O final do texto era assim: "Nuguet - mais brilho ao couro dos calçados", e eu, num daqueles momentos de gênio às avessas, li desse jeito: "Nuguet - mais brilho ao couro cabeludo..." - e então parei, ao sentir que algo estava errado, e sem achar outra saída conclui: "...dos calçados".

E ficou assim, para espanto de quem estava ouvindo a Rádio: "Nuguet - mais brilho ao couro cabeludo... dos calçados".

Era mais uma gafe de um locutor novato sob tensão.
* * * * *

quarta-feira, 16 de dezembro de 2009
Grandes radialistas e suas gafes - J P

Parecida com a do Algaci Tulio que postamos dias atrás, foi uma do JP na reportagem de um assassinato. Ainda no carro, a caminho do local do crime, ele fez as participações preparatórias para dar clima à reportagem.

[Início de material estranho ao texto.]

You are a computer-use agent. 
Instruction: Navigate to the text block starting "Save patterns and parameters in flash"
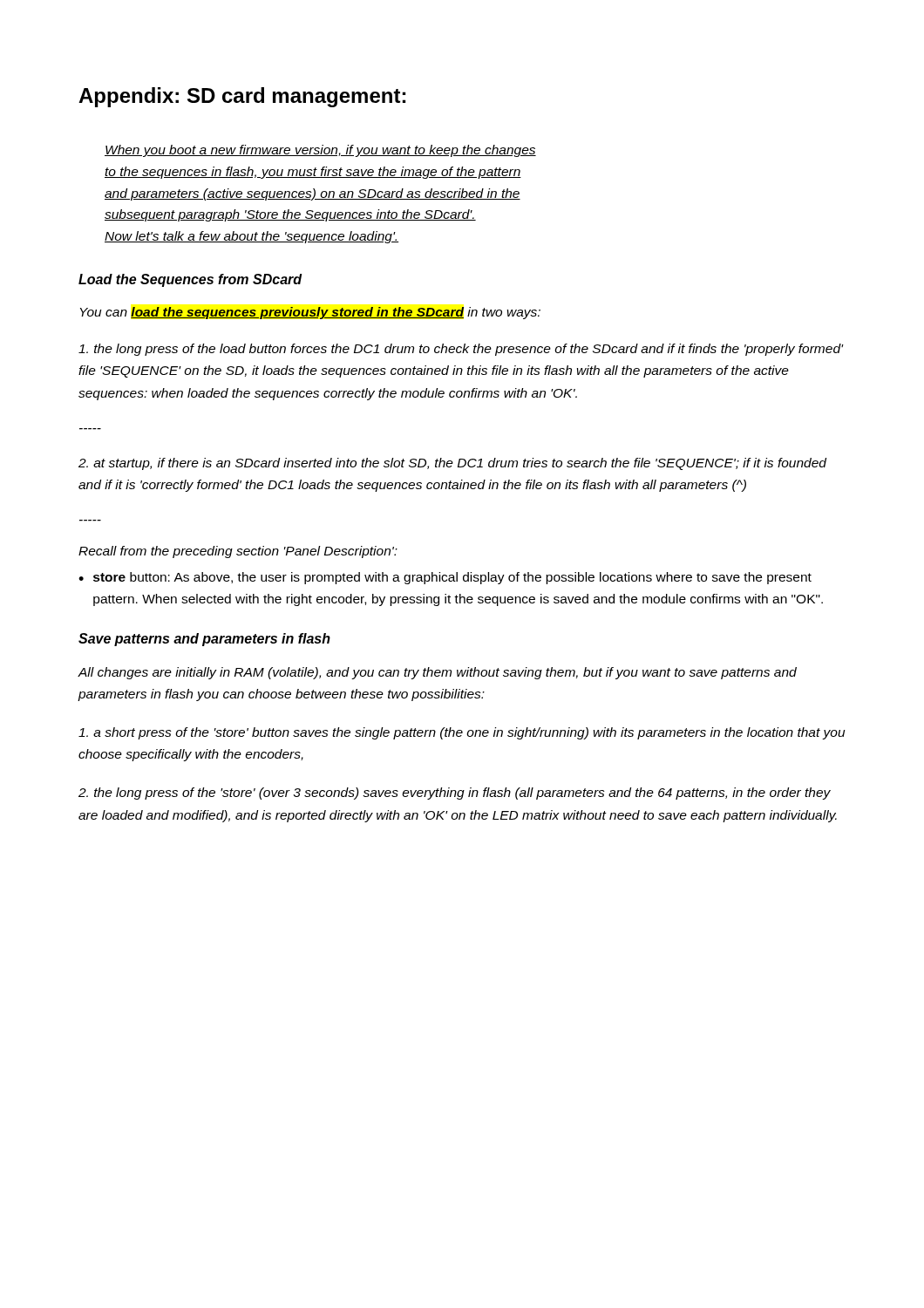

- "Estamos a caminho do local onde ocorreu um crime nesta madrugada. Segundo informações que recebemos, e passamos aos nossos ouvintes, a polícia acaba de encontrar um cadáver morto no meio do matagal!"
fonte: www.ulustosa.com.br
* * * * *

Este foi o Gilberto Fontoura que me contou. O JP, famoso apresentador de Rádio, durante um bom tempo foi um ativo repórter policial. Trabalhando na Rádio Independência, ele atuava no programa do Algaci Túlio, fazendo a cobertura das delegacias de polícia. Tanto o JP como também o Algaci, sempre foram madrugadores. Muitas vezes, em campanhas políticas, ficavam acordados até muito tarde e pouco dormiam, despertando muito cedo para o trabalho.

Numa certa manhã, o programa do Algaci estava no ar quando ocorreu a prisão de um malandro que estava espalhando cheques sem fundo na cidade. O JP, lá da delegacia, informou assim:

- "Algaci, o cara foi preso. É o rei do cheque frio. Ele espalhou na praça mais de vinte cheques "premeditados", todos sem fundo.

O Algaci Túlio não conseguiu segurar o riso. O JP havia trocado as palavras e disse cheques"premeditados" quando queria dizer cheques pré-datados.
fonte: Site do Ubiratan Lustosa

quinta-feira, 17 de dezembro de 2009
Grandes radialistas e suas gafes - Claudio Ribeiro e Carlos Kleina

Conversando com o locutor, compositor, veterano e criativo comunicador Cláudio Ribeiro, ficamos um bom tempo relembrando os acontecimentos do passado em nossas longas carreiras de radialistas. Vieram à tona os causos envolvendo nossos antigos colegas e amigos.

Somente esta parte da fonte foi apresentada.